The groupby method of a view returns a GroupBy class that can be used to group data based on one or more columns representing entities (specified in the key parameter). Within each entity or group of entities, the GroupBy class applies aggregation function(s) to the data.

The grouping keys determine the primary entity for the declared features in the aggregation function.

Moreover, the groupby method's category parameter allows you to define a categorical column, which can be used to generate Cross Aggregate Features. These features involve aggregating data across categories of the categorical column, enabling the extraction of patterns in an entity across these categories. For instance, you can calculate the amount spent by a customer on each product category during a specific time period using this approach.

Parameters

  • obj: Union[EventView, ItemView, ChangeView, SCDView]

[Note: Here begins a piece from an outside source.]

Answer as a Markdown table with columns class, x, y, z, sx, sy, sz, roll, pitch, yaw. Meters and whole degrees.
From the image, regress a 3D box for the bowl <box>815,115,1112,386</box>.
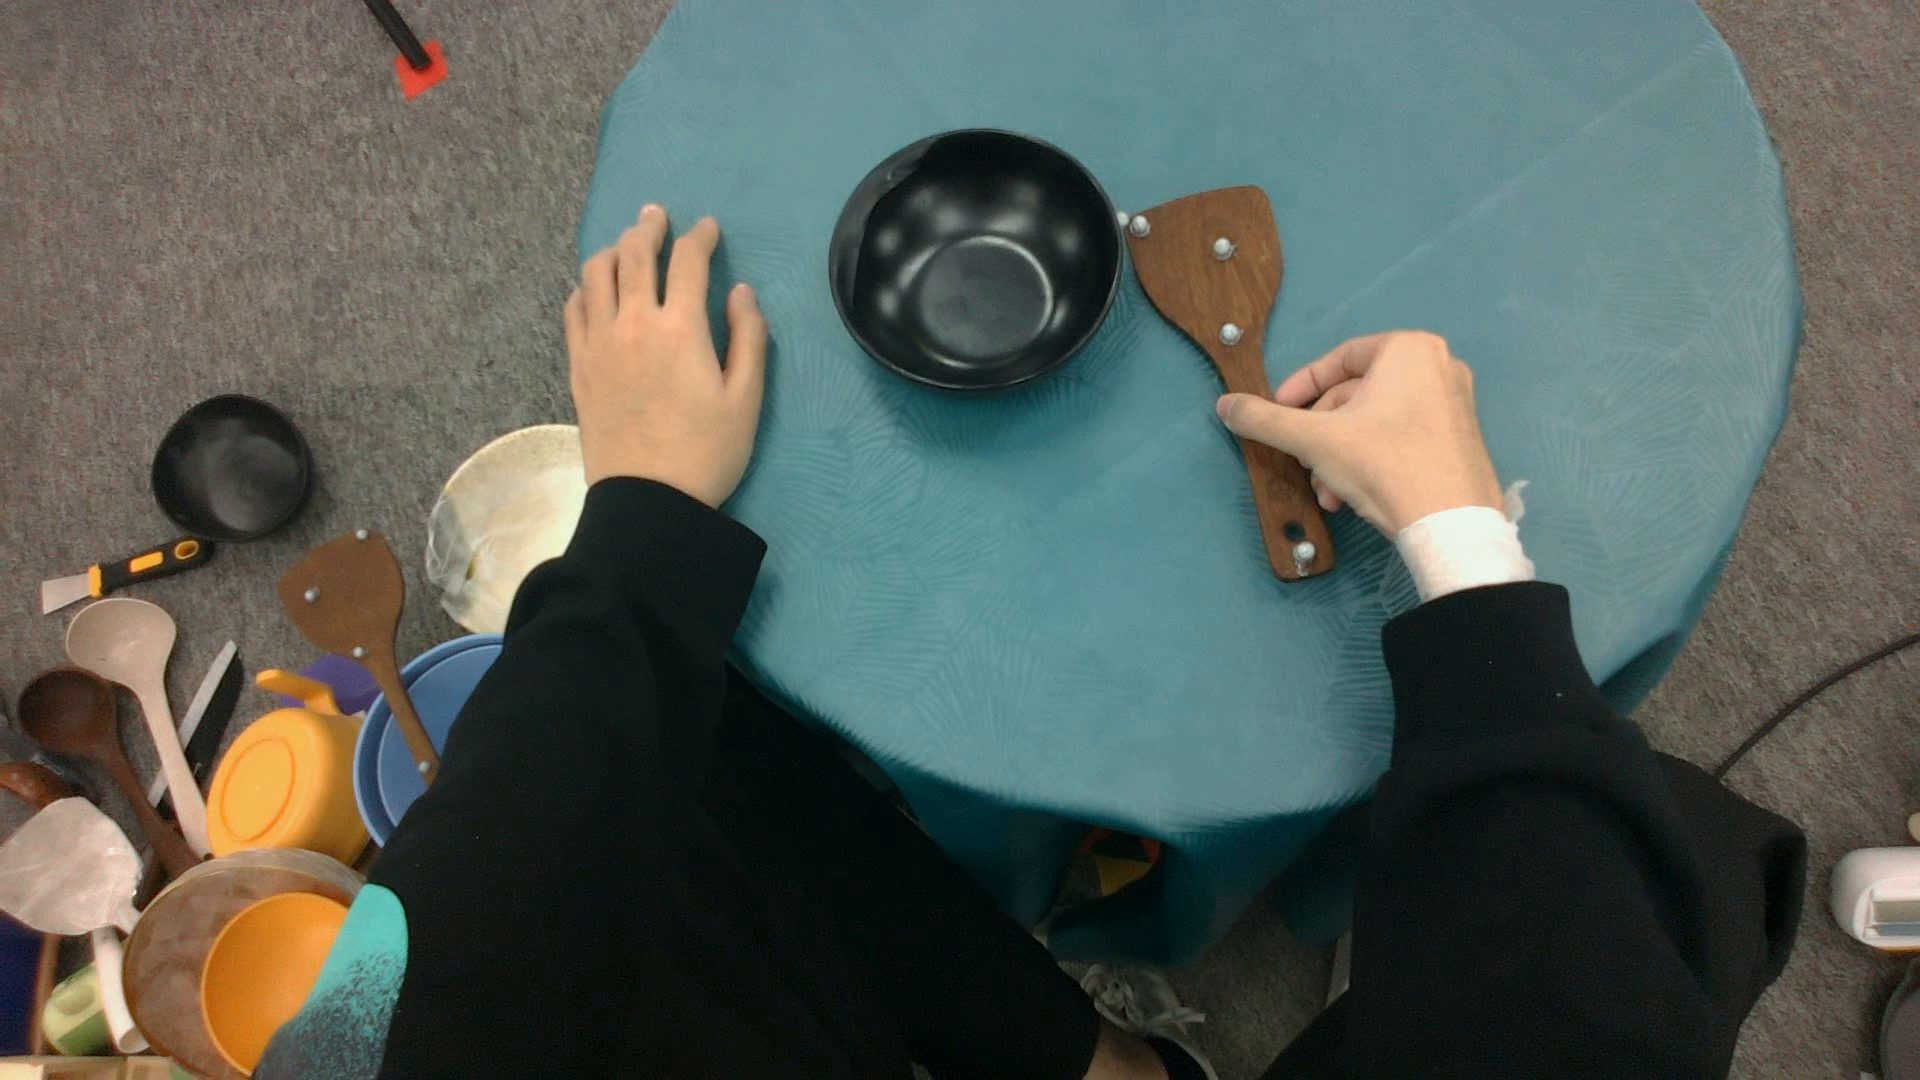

  • keys: Union[str, List[str]]

  • category: Union[str, NoneType]

Examples

Groupby for Aggregate features.

>>> items_view = catalog.get_view("INVOICEITEMS")
>>> # Group items by the column GroceryCustomerGuid that references the customer entity
>>> items_by_customer = items_view.groupby("GroceryCustomerGuid")
>>> # Declare features that measure the discount received by customer
>>> customer_discounts = items_by_customer.aggregate_over(
...   "Discount",
...   method=fb.AggFunc.SUM,
...   feature_names=["CustomerDiscounts_7d", "CustomerDiscounts_28d"],
...   fill_value=0,
...   windows=['7d', '28d']
... )

Groupby for Cross Aggregate features

>>> # Join product view to items view
>>> product_view = catalog.get_view("GROCERYPRODUCT")
>>> items_view = items_view.join(product_view)
>>> # Group items by the column GroceryCustomerGuid that references the customer entity
>>> # And use ProductGroup as the column to perform operations across
>>> items_by_customer_across_product_group = items_view.groupby(
...   by_keys = "GroceryCustomerGuid", category="ProductGroup"
... )
>>> # Cross Aggregate feature of the customer purchases across product group over the past 4 weeks
>>> customer_inventory_28d = items_by_customer_across_product_group.aggregate_over(
...   "TotalCost",
...   method=fb.AggFunc.SUM,
...   feature_names=["CustomerInventory_28d"],
...   windows=['28d']
... )